Una nuova analisi di sicurezza post-autorizzazione del vaccino Abrysvo contro il virus respiratorio sinciziale (RSV) di Pfizer ha rilevato che le donne vaccinate avevano il 29% di probabilità in più di sviluppare disturbi ipertensivi, tra cui la preeclampsia. I ricercatori, finanziati da Pfizer, hanno tuttavia avvertito che i loro risultati non sono conclusivi.
Secondo un nuovo studio pubblicato su JAMA Network Open, la vaccinazione contro il virus respiratorio sinciziale (RSV) durante la gravidanza potrebbe aumentare il rischio di complicanze e portare a parto prematuro e infezione.
I ricercatori hanno esaminato il vaccino Abrysvo contro il virus respiratorio sinciziale (RSV) della Pfizer, l’unico vaccino contro l’RSV approvato per le donne in gravidanza negli Stati Uniti. Il vaccino è destinato a proteggere i neonati fino a 6 mesi di età contro l’RSV.
Secondo lo studio, le donne che hanno ricevuto il vaccino avevano il 29% di probabilità in più di sviluppare disturbi ipertensivi, tra cui preeclampsia, eclampsia e sindrome HELLP (emolisi, enzimi epatici elevati e piastrinopenia), una complicanza della gravidanza potenzialmente letale considerata una variante della preeclampsia.

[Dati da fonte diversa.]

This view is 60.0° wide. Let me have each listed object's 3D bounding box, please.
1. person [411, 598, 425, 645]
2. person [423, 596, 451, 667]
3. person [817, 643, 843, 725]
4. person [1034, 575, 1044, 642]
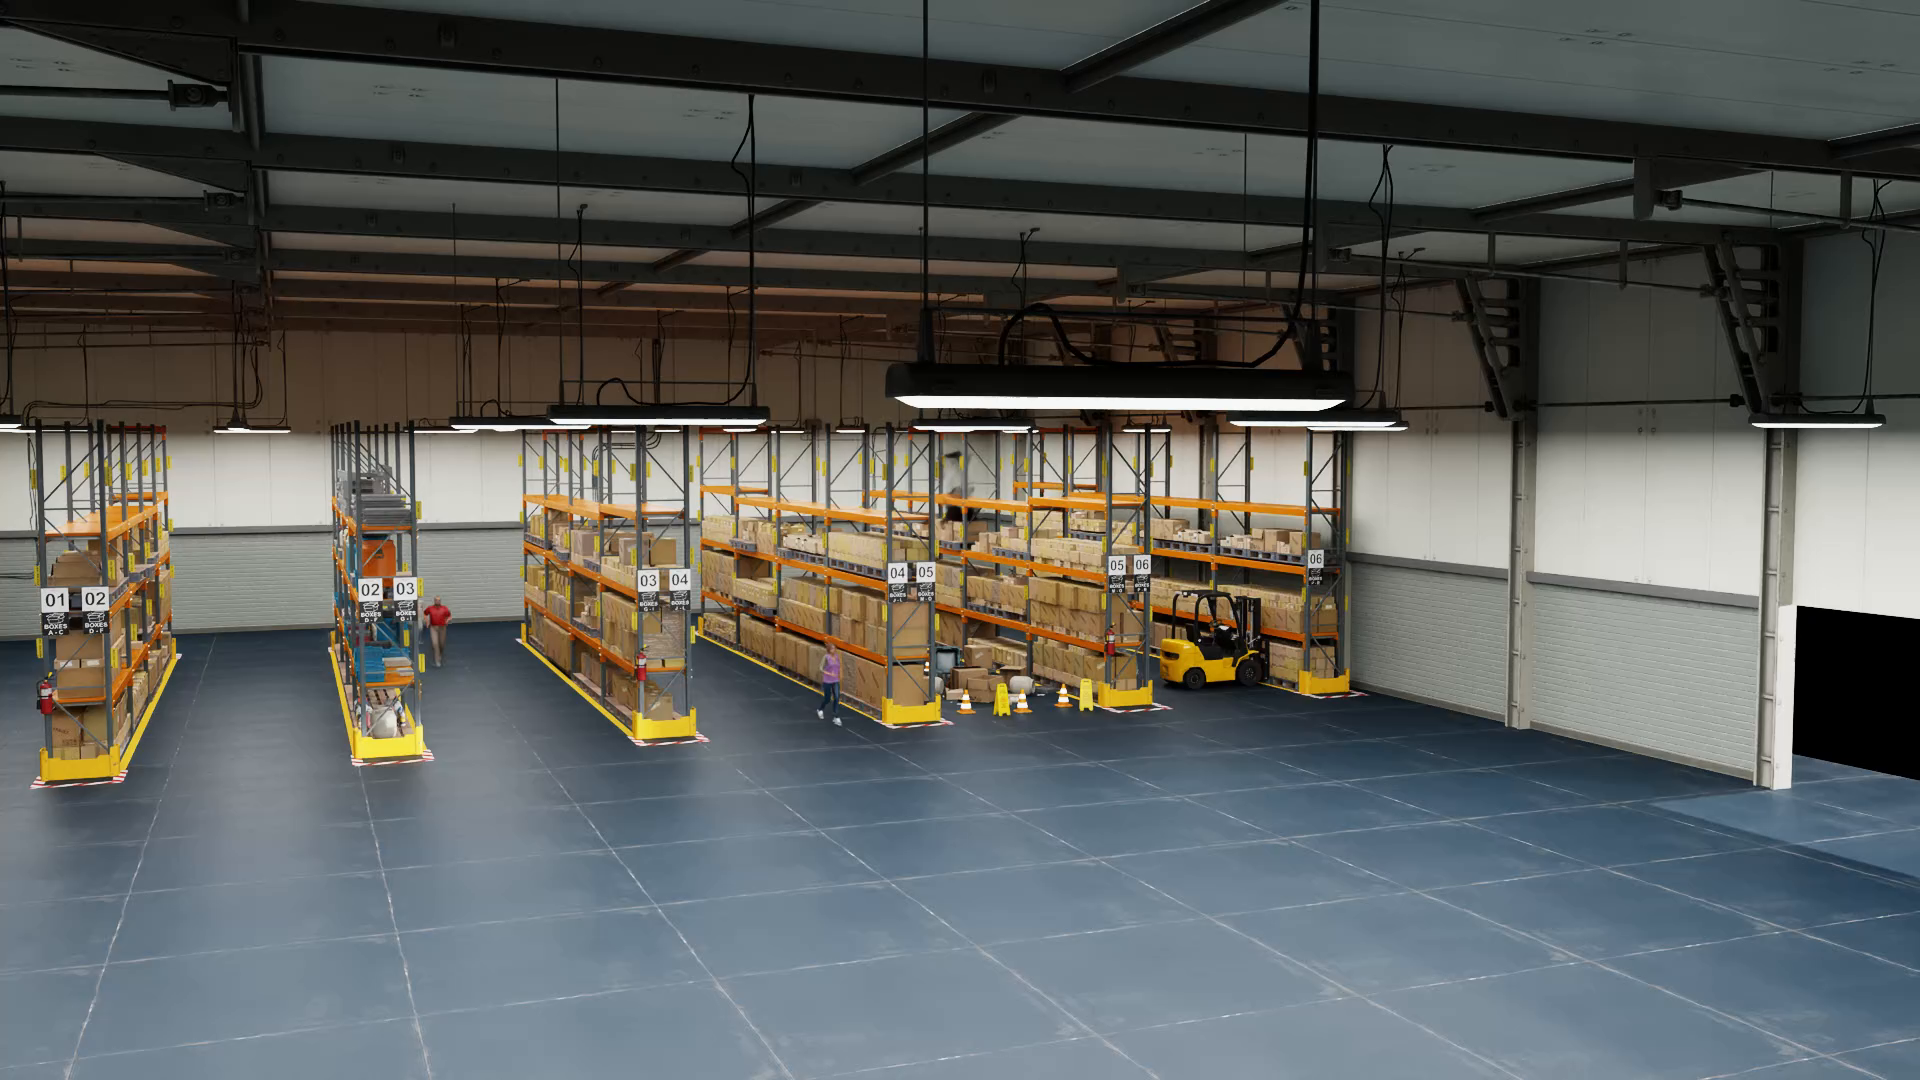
[{"bbox_3d":[-14.932,2.035,45.480,0.613,1.748,0.717,2,4,24],"label":"person"},{"bbox_3d":[-13.071,2.269,41.635,0.664,1.736,0.956,-2,4,-24],"label":"person"},{"bbox_3d":[-2.586,2.851,33.217,0.562,1.615,0.773,-2,4,-33],"label":"person"},{"bbox_3d":[2.081,1.857,43.428,0.725,1.862,0.917,-1,4,-20],"label":"person"}]
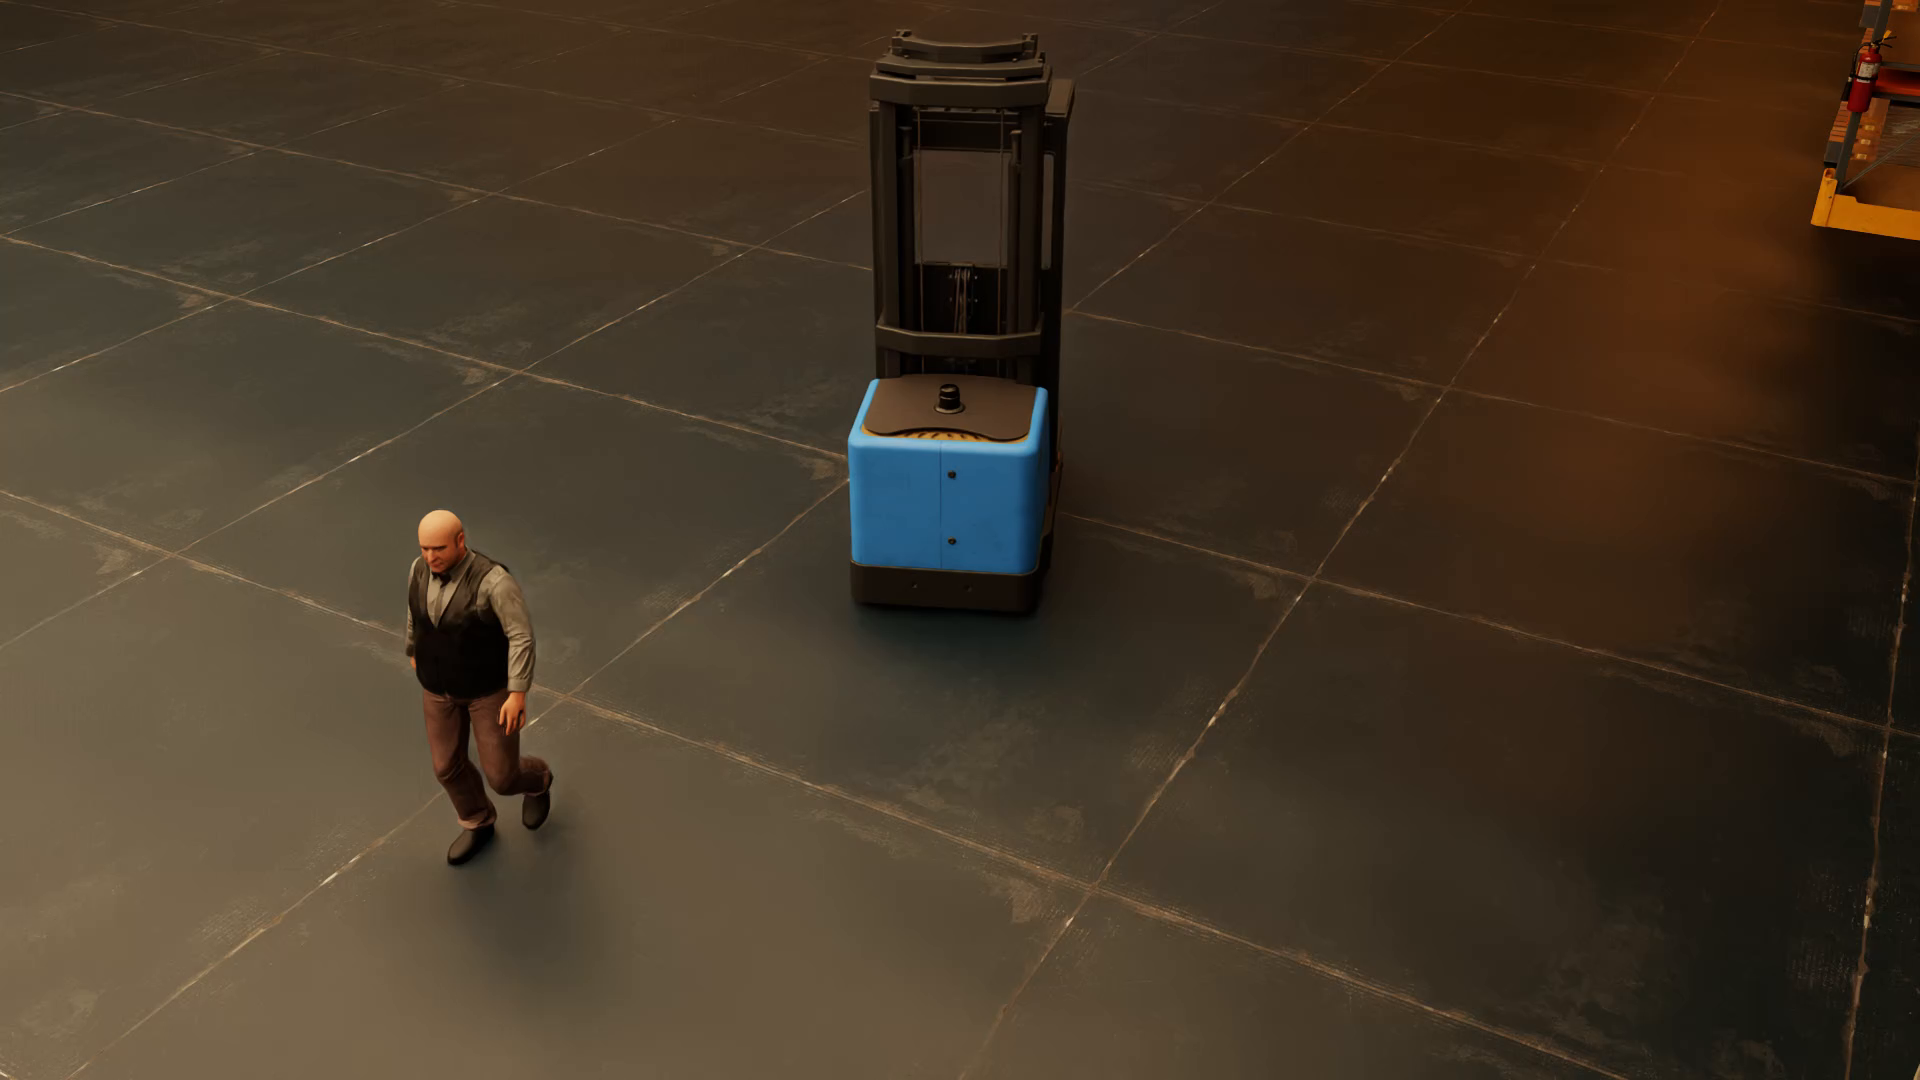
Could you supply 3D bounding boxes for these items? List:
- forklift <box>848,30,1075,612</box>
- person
[{"bbox_3d":[0.075,-1.584,9.815,1.130,2.935,3.031,3,30,6],"label":"forklift"},{"bbox_3d":[-2.119,0.617,7.233,0.741,1.703,0.517,8,31,14],"label":"person"}]

Lo studio ha rilevato che le donne che avevano ricevuto il vaccino avevano maggiori probabilità di essere ricoverate in ospedale per ipertensione.
Lo studio ha inoltre identificato segnali statisticamente significativi per la rottura prematura delle membrane (PROM) e per la PROM pretermine.
Hanno scoperto che la rottura prematura delle membrane (PROM), ovvero la perdita di liquido amniotico troppo precoce, e la rottura prematura delle membrane pretermine, che si verifica prima della 37a settimana di gestazione, si sono verificate nel 14,1% delle donne in gravidanza vaccinate.
Sebbene i ricercatori abbiano sottolineato che i loro risultati non stabiliscono un rapporto di causalità, hanno riconosciuto che i segnali erano sufficientemente forti da giustificare ulteriori indagini.
I risultati, pubblicati questa settimana, si aggiungono agli studi post-marketing che hanno già riscontrato un legame tra il farmaco e i parti prematuri e la sindrome di Guillain-Barré.
Il dottor Peter Selley ha dichiarato a The Defender che, sebbene lo studio affermi che a livello globale il virus respiratorio sinciziale (RSV) causi «una notevole morbilità e mortalità nel primo anno di vita», gli autori omettono di notare che oltre il 97% dei decessi infantili dovuti all’RSV si verifica nei Paesi a reddito medio e basso.
Nella stagione 2024-2025 del virus respiratorio sinciziale (RSV), 31 bambini e adolescenti sono deceduti a causa della malattia negli Stati Uniti. Non si conosce lo stato vaccinale delle loro madri durante la gravidanza.
La Food and Drug Administration (FDA) statunitense ha approvato Abrysvo nell’agosto del 2023, nonostante i membri del Vaccines and Related Biological Products Advisory Committee (VRBPAC) della FDA avessero sollevato preoccupazioni in merito ai parti prematuri riscontrati durante le sperimentazioni cliniche di Pfizer.
Nel settembre 2023, i Centri per il controllo e la prevenzione delle malattie (CDC) hanno raccomandato il vaccino per le donne in gravidanza tra la 32a e la 36a settimana di gestazione.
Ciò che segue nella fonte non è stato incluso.